EXERCISE BRIEF:
Across the records below, how many lines contain the string "shelf"? Give the number by itself.

Dataset records:
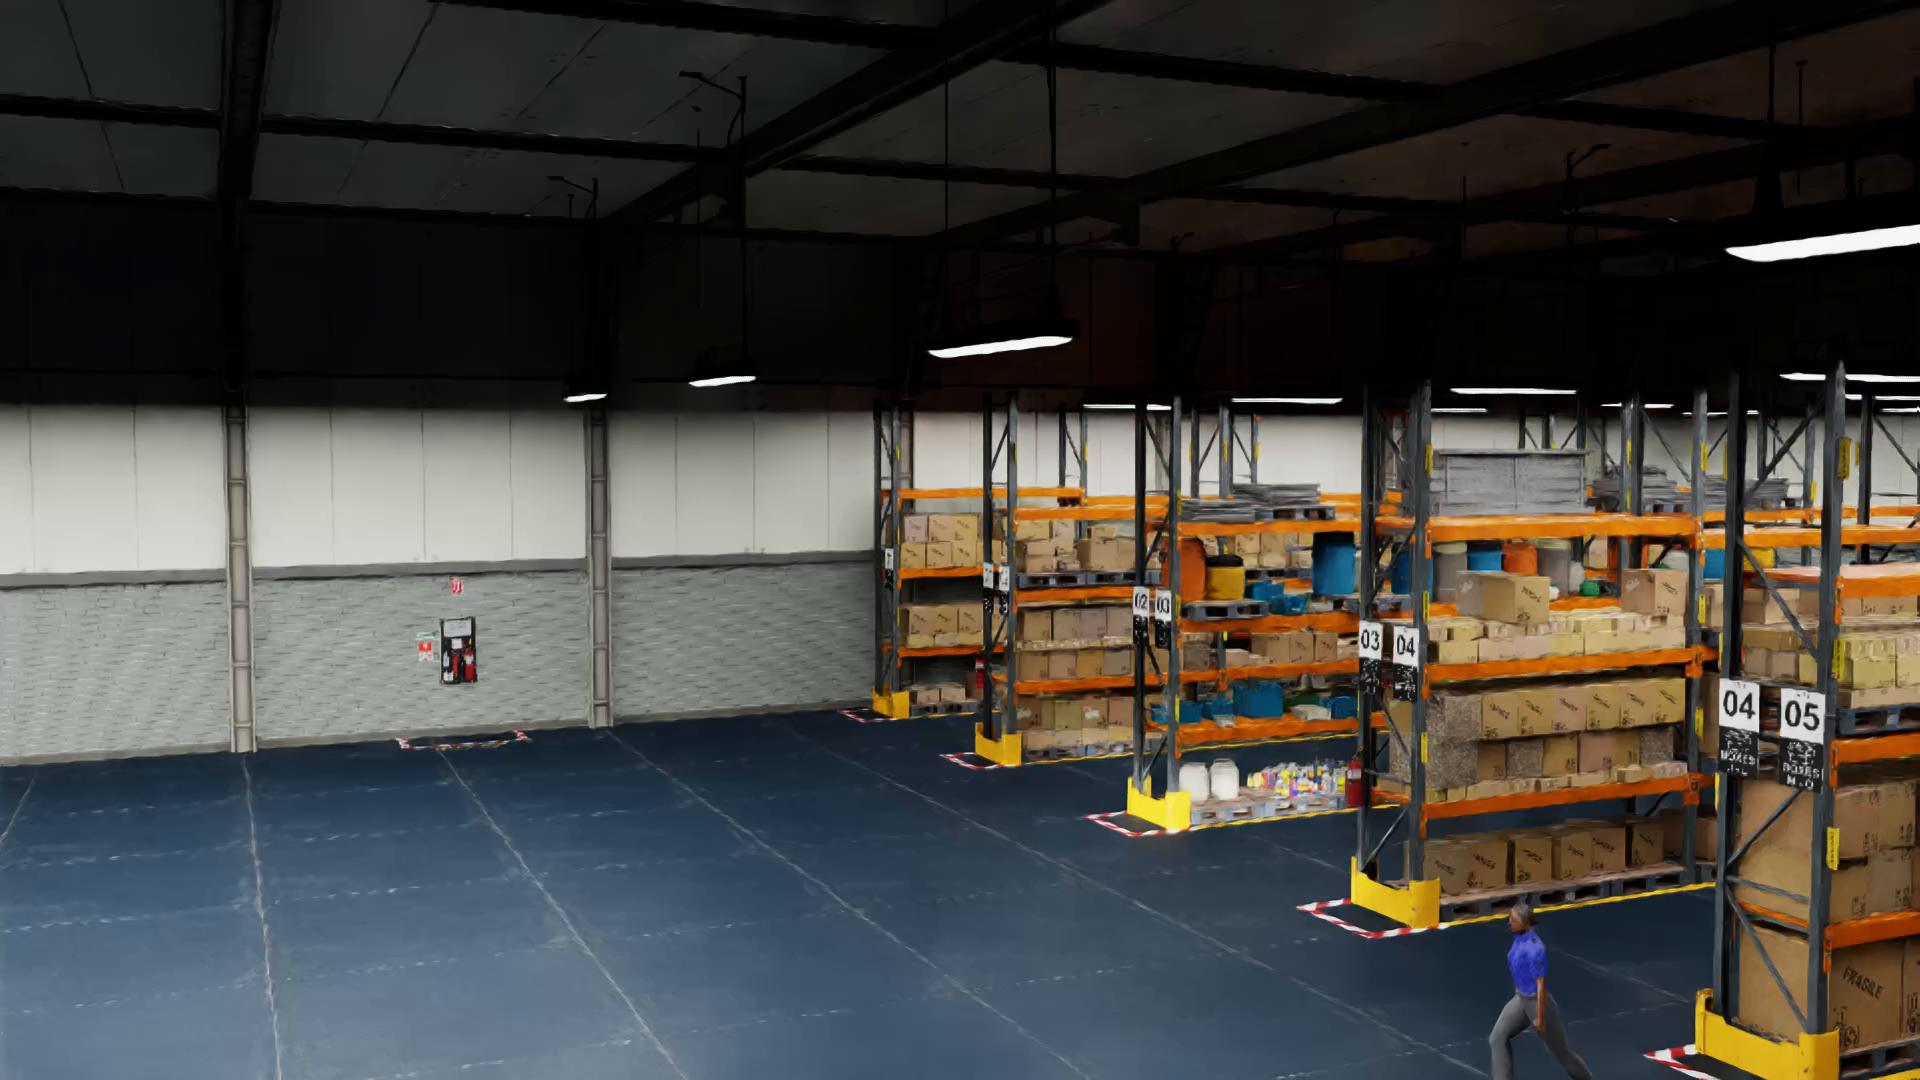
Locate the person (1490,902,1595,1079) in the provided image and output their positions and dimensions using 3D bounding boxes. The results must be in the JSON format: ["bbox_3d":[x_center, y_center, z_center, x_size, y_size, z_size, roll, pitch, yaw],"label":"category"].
[{"bbox_3d":[4.506,3.620,12.921,0.937,1.570,0.505,0,3,-4],"label":"person"}]

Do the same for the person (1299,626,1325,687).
[{"bbox_3d":[6.718,2.470,31.676,0.542,1.715,0.682,-2,4,-26],"label":"person"}]
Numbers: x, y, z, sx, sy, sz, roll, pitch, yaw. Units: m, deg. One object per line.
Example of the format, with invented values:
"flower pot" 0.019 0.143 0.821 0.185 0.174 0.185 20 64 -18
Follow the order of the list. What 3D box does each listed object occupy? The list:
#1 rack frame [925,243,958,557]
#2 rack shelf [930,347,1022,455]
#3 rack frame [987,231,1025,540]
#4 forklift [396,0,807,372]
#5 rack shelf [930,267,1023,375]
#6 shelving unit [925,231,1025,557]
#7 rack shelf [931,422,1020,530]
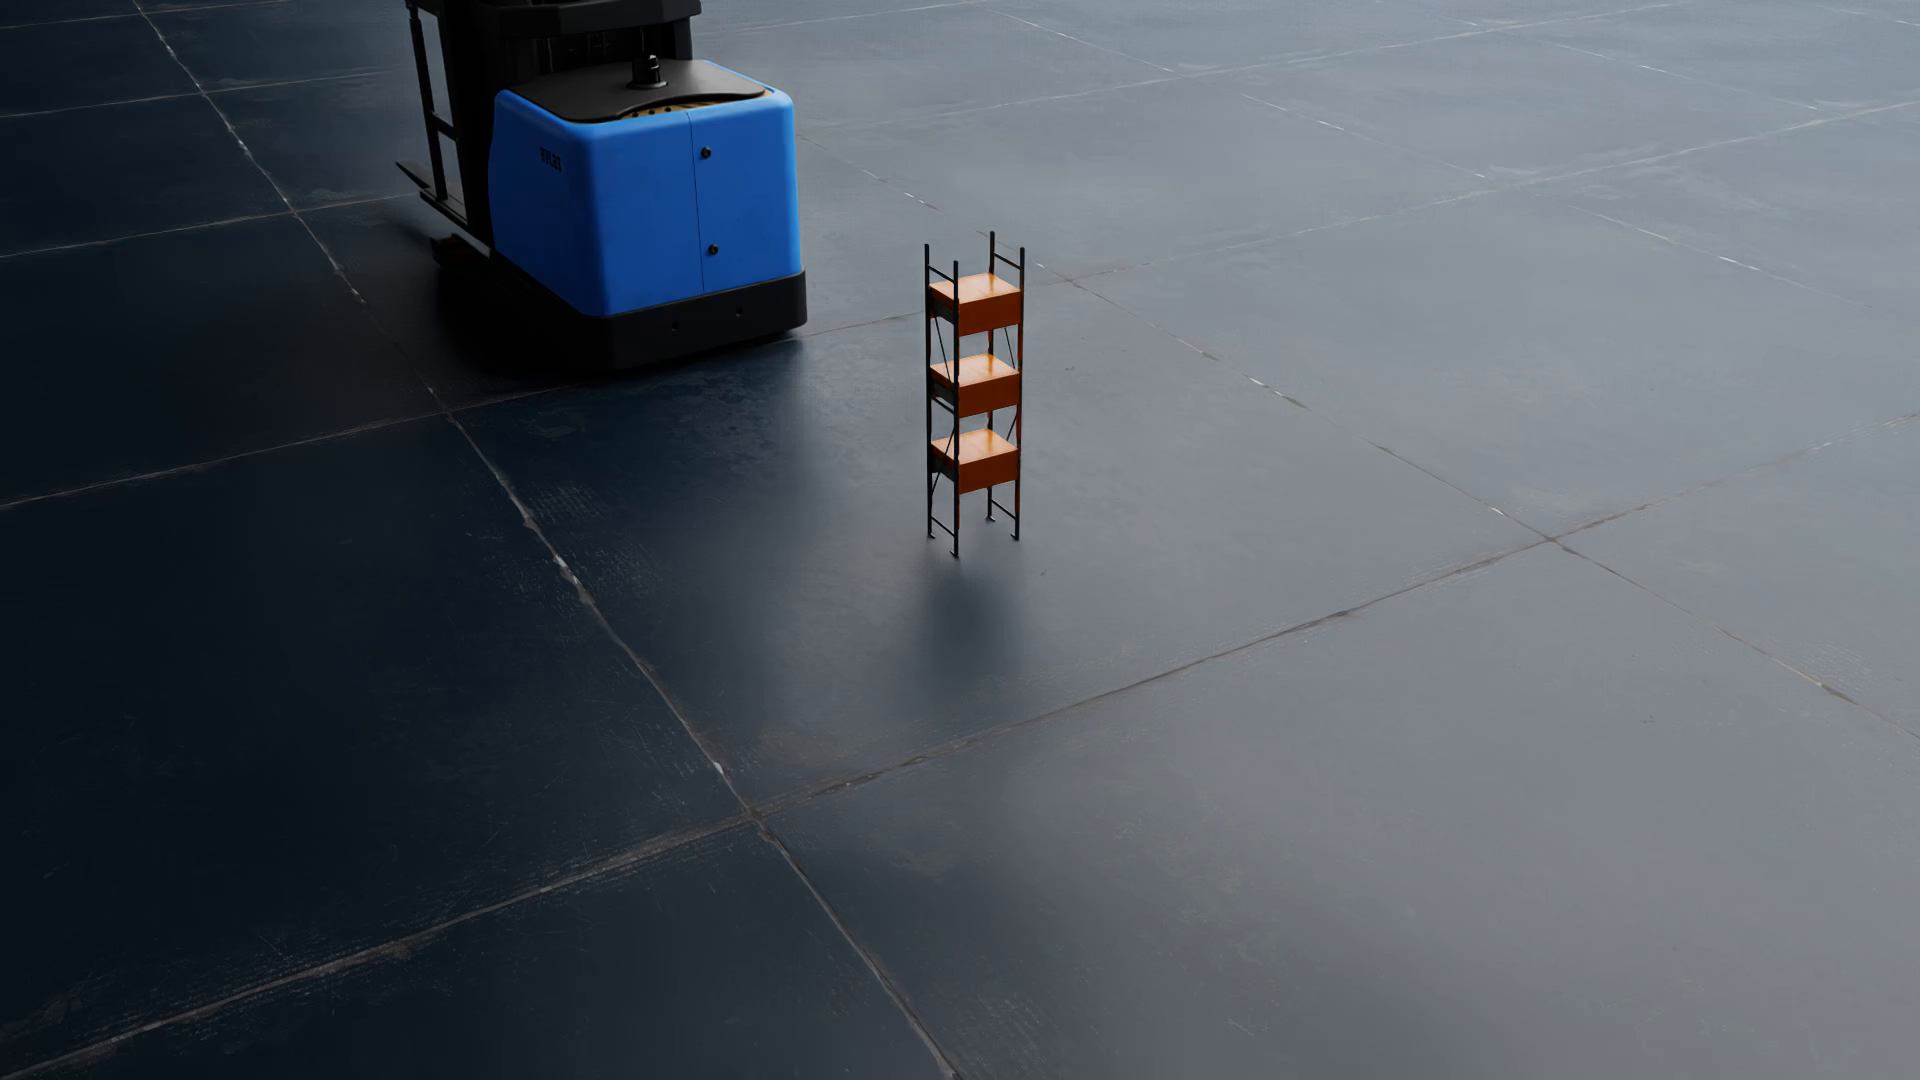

ANSWER TO THIS EXERCISE:
3